Provided material section start
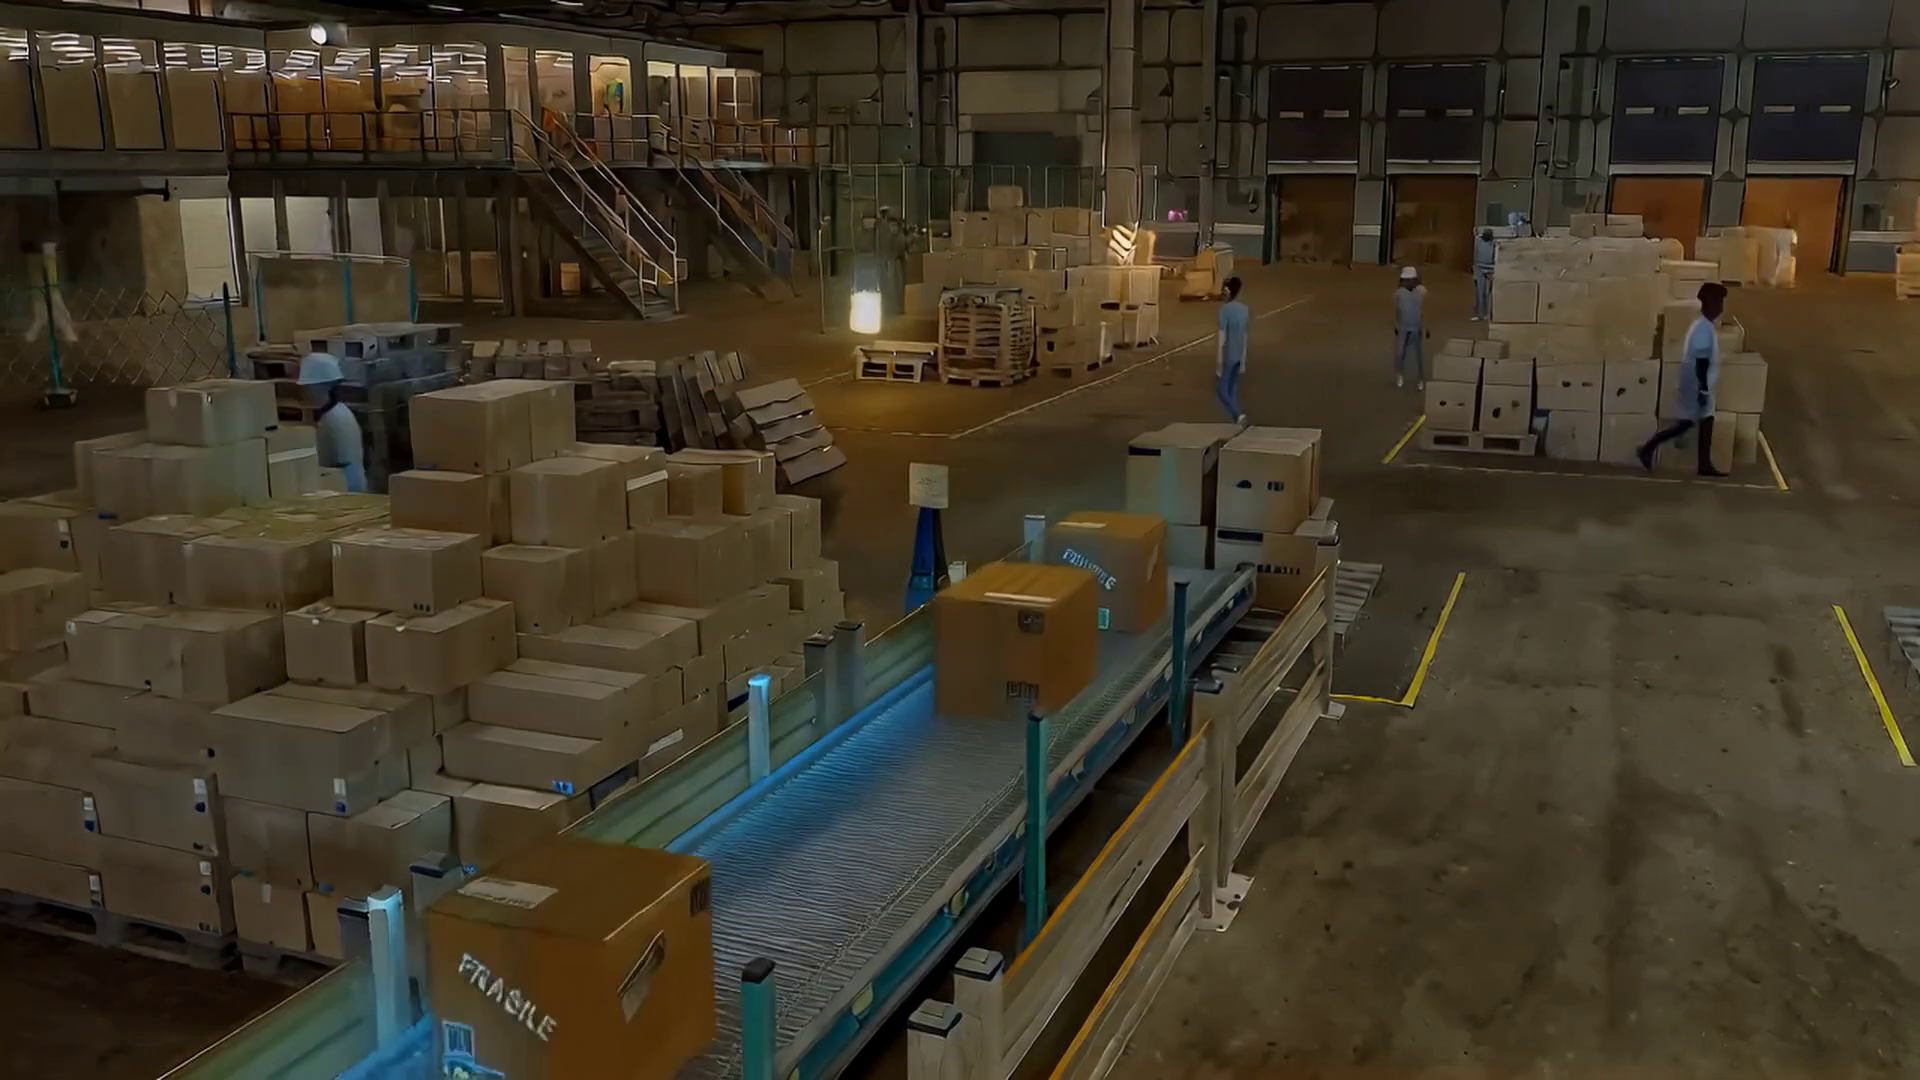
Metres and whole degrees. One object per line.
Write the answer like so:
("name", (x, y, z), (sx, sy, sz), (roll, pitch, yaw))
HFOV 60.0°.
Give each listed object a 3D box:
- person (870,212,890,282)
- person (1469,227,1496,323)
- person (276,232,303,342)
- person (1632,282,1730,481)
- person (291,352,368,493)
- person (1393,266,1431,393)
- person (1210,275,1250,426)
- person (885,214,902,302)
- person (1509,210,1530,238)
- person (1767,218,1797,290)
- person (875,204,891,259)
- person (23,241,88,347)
("person", (-2.163, -7.946, 45.100), (0.556, 1.873, 0.999), (1, 13, 3))
("person", (10.462, -5.266, 33.062), (0.355, 1.883, 0.573), (-9, 15, -34))
("person", (-11.825, -4.453, 29.336), (0.598, 1.917, 0.375), (12, 17, 43))
("person", (7.128, -1.548, 16.276), (0.845, 1.936, 0.633), (6, 14, 25))
("person", (-3.866, -0.204, 10.284), (0.396, 1.925, 0.548), (-6, 14, -24))
("person", (6.217, -2.900, 22.825), (0.532, 1.711, 0.483), (6, 14, 24))
("person", (3.053, -2.020, 18.564), (0.506, 1.859, 0.463), (-9, 16, -36))
("person", (-1.521, -6.468, 38.198), (0.375, 1.996, 0.611), (-3, 13, -13))
("person", (15.018, -7.889, 44.689), (0.608, 1.943, 0.402), (-4, 13, -17))
("person", (20.726, -7.181, 41.809), (0.913, 1.829, 0.529), (-6, 14, -27))
("person", (-2.604, -10.497, 56.624), (0.634, 1.839, 0.429), (-4, 13, -17))
("person", (-15.632, -4.207, 28.517), (0.960, 1.805, 0.521), (-7, 14, -29))
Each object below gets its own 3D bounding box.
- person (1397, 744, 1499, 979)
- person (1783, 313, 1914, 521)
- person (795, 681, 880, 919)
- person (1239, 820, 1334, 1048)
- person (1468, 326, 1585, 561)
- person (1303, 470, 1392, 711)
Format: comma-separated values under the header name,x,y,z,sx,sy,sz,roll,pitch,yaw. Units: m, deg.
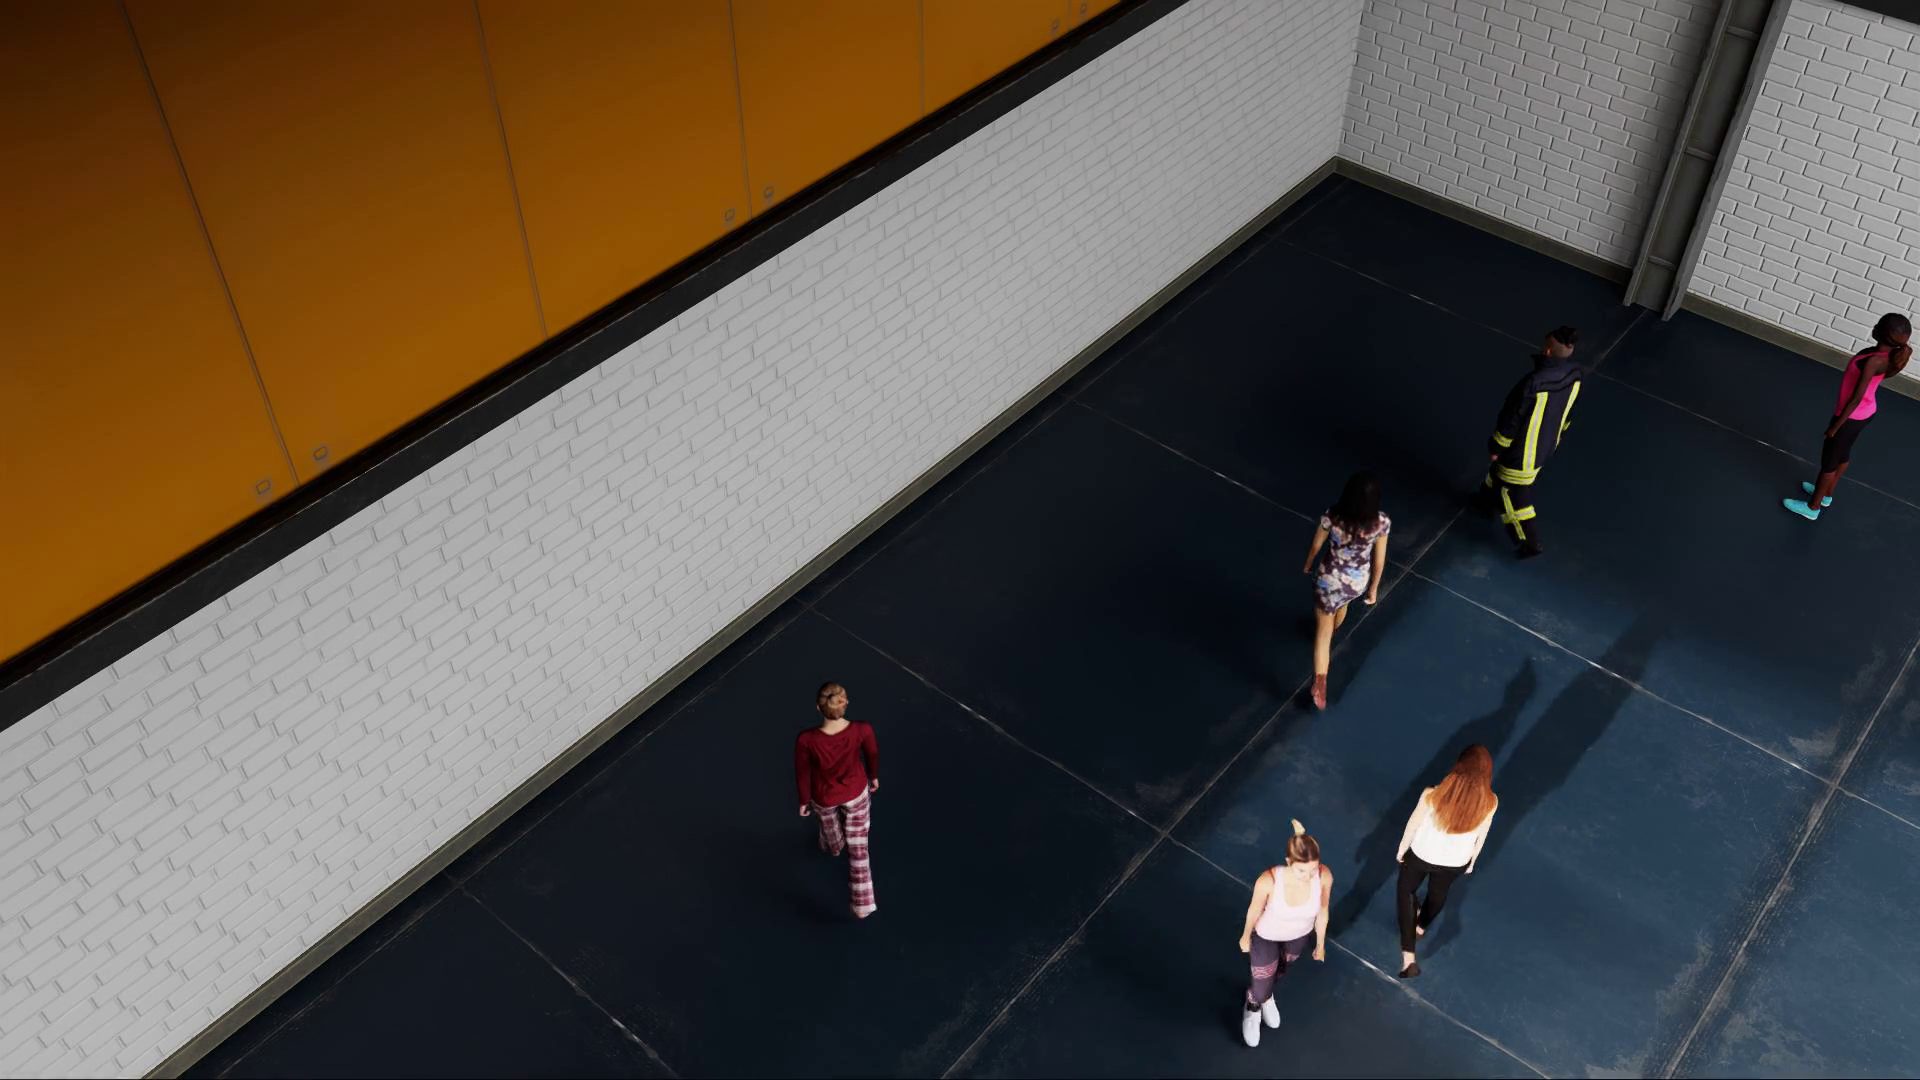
name,x,y,z,sx,sy,sz,roll,pitch,yaw
person,2.585,1.751,8.938,0.930,1.711,0.915,5,44,6
person,6.273,-0.874,11.684,0.597,1.724,0.591,-31,51,-28
person,-0.658,1.450,9.284,1.011,1.669,1.125,-8,44,-8
person,1.667,1.989,8.745,0.702,1.633,0.756,-6,44,-7
person,3.930,-0.659,11.383,0.976,1.827,1.186,-22,48,-21
person,2.384,0.328,10.444,1.109,1.694,1.089,2,44,2
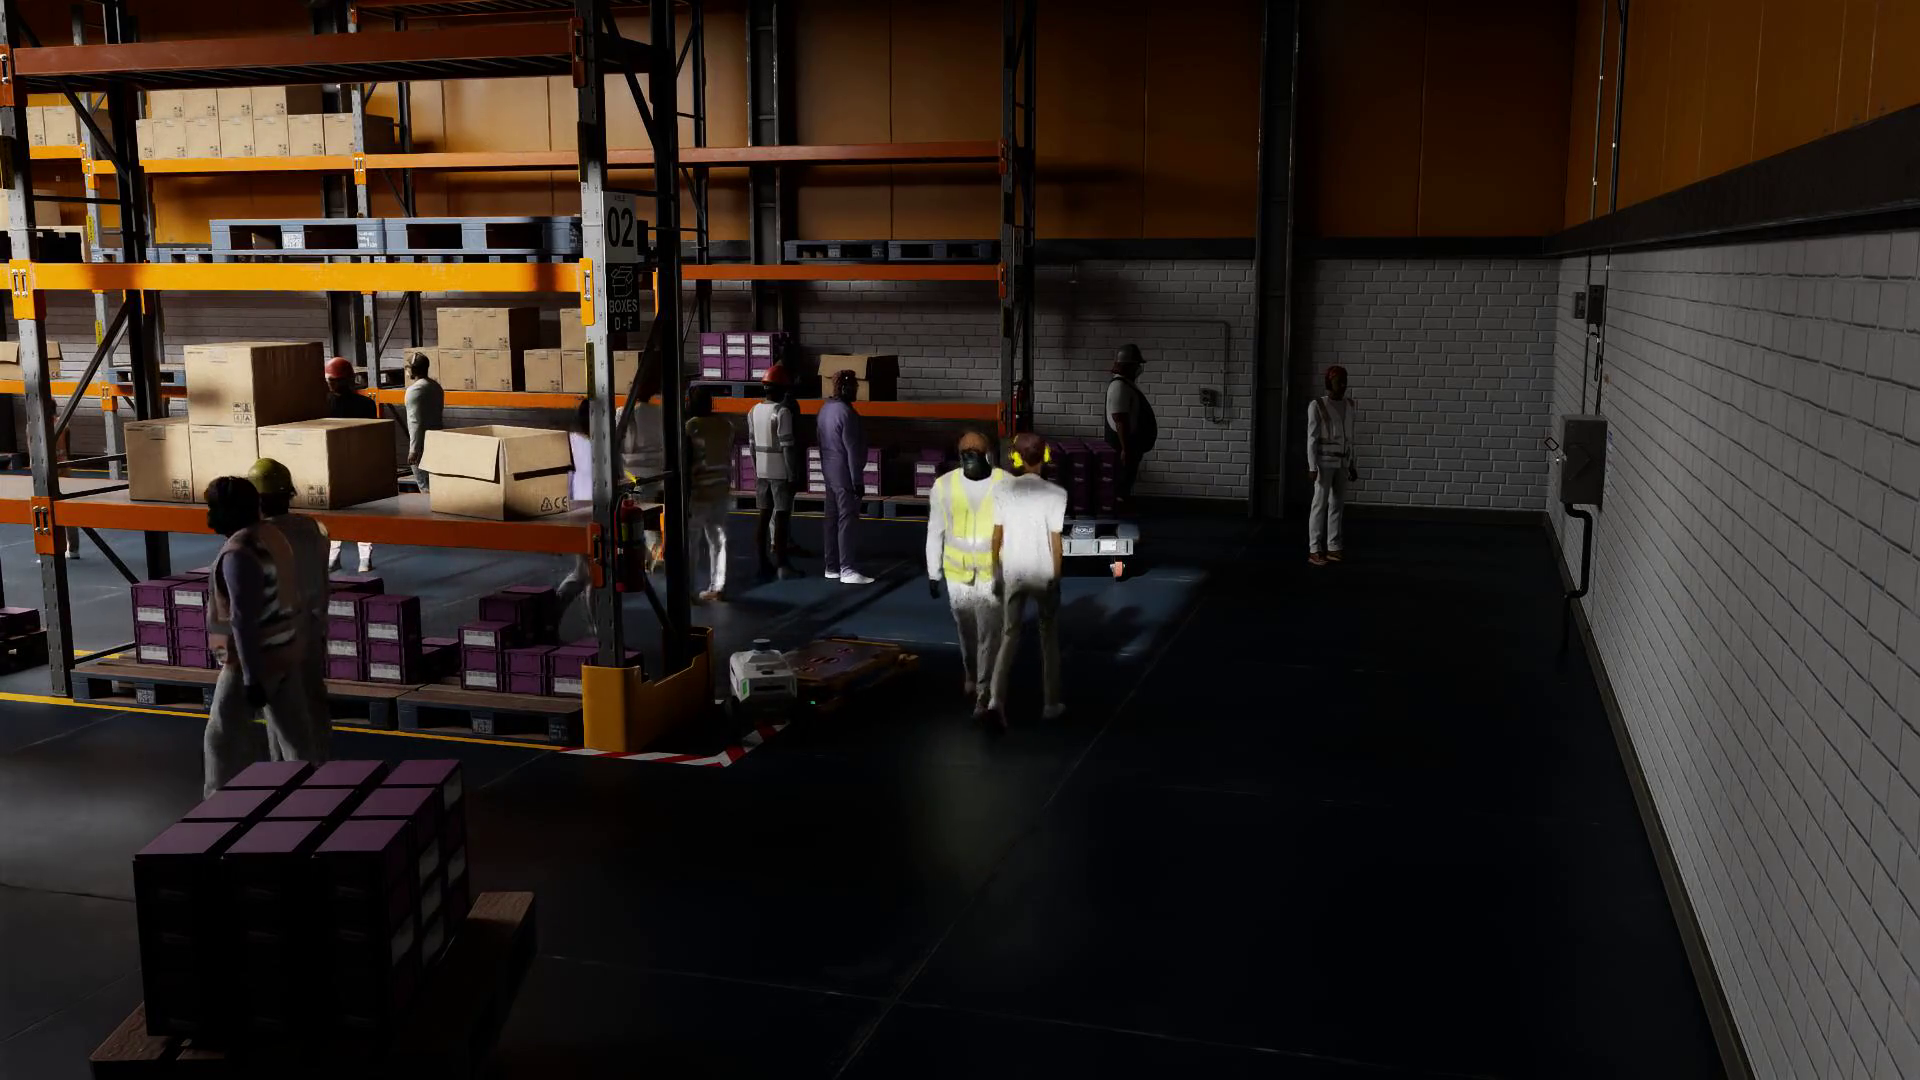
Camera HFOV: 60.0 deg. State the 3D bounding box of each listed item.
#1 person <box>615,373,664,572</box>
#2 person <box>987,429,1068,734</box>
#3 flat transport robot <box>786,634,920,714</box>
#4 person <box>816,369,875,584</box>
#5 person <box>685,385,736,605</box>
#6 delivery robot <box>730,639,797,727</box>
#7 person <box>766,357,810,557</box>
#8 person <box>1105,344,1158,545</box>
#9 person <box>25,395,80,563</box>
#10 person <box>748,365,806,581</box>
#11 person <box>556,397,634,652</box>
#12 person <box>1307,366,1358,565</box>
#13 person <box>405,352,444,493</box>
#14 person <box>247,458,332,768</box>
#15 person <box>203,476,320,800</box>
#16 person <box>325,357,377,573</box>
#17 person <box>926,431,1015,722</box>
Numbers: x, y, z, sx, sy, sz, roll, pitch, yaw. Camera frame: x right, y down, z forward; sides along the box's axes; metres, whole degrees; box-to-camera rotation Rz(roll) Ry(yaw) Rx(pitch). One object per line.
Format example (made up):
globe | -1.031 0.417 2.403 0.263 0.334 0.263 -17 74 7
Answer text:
Provided material section end
Except for pictures, copy the records above exactly.

[Solution to the problem]
Metres and whole degrees. One object per line.
Write the answer like so:
("name", (x, y, z), (sx, sy, sz), (roll, pitch, yaw))
HFOV 60.0°.
Give each listed object a 3D box:
- person (870,212,890,282)
- person (1469,227,1496,323)
- person (276,232,303,342)
- person (1632,282,1730,481)
- person (291,352,368,493)
- person (1393,266,1431,393)
- person (1210,275,1250,426)
- person (885,214,902,302)
- person (1509,210,1530,238)
- person (1767,218,1797,290)
- person (875,204,891,259)
- person (23,241,88,347)
("person", (-2.163, -7.946, 45.100), (0.556, 1.873, 0.999), (1, 13, 3))
("person", (10.462, -5.266, 33.062), (0.355, 1.883, 0.573), (-9, 15, -34))
("person", (-11.825, -4.453, 29.336), (0.598, 1.917, 0.375), (12, 17, 43))
("person", (7.128, -1.548, 16.276), (0.845, 1.936, 0.633), (6, 14, 25))
("person", (-3.866, -0.204, 10.284), (0.396, 1.925, 0.548), (-6, 14, -24))
("person", (6.217, -2.900, 22.825), (0.532, 1.711, 0.483), (6, 14, 24))
("person", (3.053, -2.020, 18.564), (0.506, 1.859, 0.463), (-9, 16, -36))
("person", (-1.521, -6.468, 38.198), (0.375, 1.996, 0.611), (-3, 13, -13))
("person", (15.018, -7.889, 44.689), (0.608, 1.943, 0.402), (-4, 13, -17))
("person", (20.726, -7.181, 41.809), (0.913, 1.829, 0.529), (-6, 14, -27))
("person", (-2.604, -10.497, 56.624), (0.634, 1.839, 0.429), (-4, 13, -17))
("person", (-15.632, -4.207, 28.517), (0.960, 1.805, 0.521), (-7, 14, -29))
Each object below gets its own 3D bounding box.
- person (1397, 744, 1499, 979)
- person (1783, 313, 1914, 521)
- person (795, 681, 880, 919)
- person (1239, 820, 1334, 1048)
- person (1468, 326, 1585, 561)
- person (1303, 470, 1392, 711)
Format: comma-separated values under the header name,x,y,z,sx,sy,sz,roll,pitch,yaw. Units: m, deg.
name,x,y,z,sx,sy,sz,roll,pitch,yaw
person,2.585,1.751,8.938,0.930,1.711,0.915,5,44,6
person,6.273,-0.874,11.684,0.597,1.724,0.591,-31,51,-28
person,-0.658,1.450,9.284,1.011,1.669,1.125,-8,44,-8
person,1.667,1.989,8.745,0.702,1.633,0.756,-6,44,-7
person,3.930,-0.659,11.383,0.976,1.827,1.186,-22,48,-21
person,2.384,0.328,10.444,1.109,1.694,1.089,2,44,2
Camera HFOV: 60.0 deg. State the 3D bounding box of each listed item.
#1 person <box>615,373,664,572</box>
#2 person <box>987,429,1068,734</box>
#3 flat transport robot <box>786,634,920,714</box>
#4 person <box>816,369,875,584</box>
#5 person <box>685,385,736,605</box>
#6 delivery robot <box>730,639,797,727</box>
#7 person <box>766,357,810,557</box>
#8 person <box>1105,344,1158,545</box>
#9 person <box>25,395,80,563</box>
#10 person <box>748,365,806,581</box>
#11 person <box>556,397,634,652</box>
#12 person <box>1307,366,1358,565</box>
#13 person <box>405,352,444,493</box>
#14 person <box>247,458,332,768</box>
#15 person <box>203,476,320,800</box>
#16 person <box>325,357,377,573</box>
#17 person <box>926,431,1015,722</box>
Numbers: x, y, z, sx, sy, sz, roll, pitch, yaw. Camera frame: x right, y down, z forward; sides along the box's axes; metres, whole degrees; box-to-camera rotation Rz(roll) Ry(yaw) Rx(pitch). One object per line.
Format example (made up):
globe | -1.031 0.417 2.403 0.263 0.334 0.263 -17 74 7
Answer text:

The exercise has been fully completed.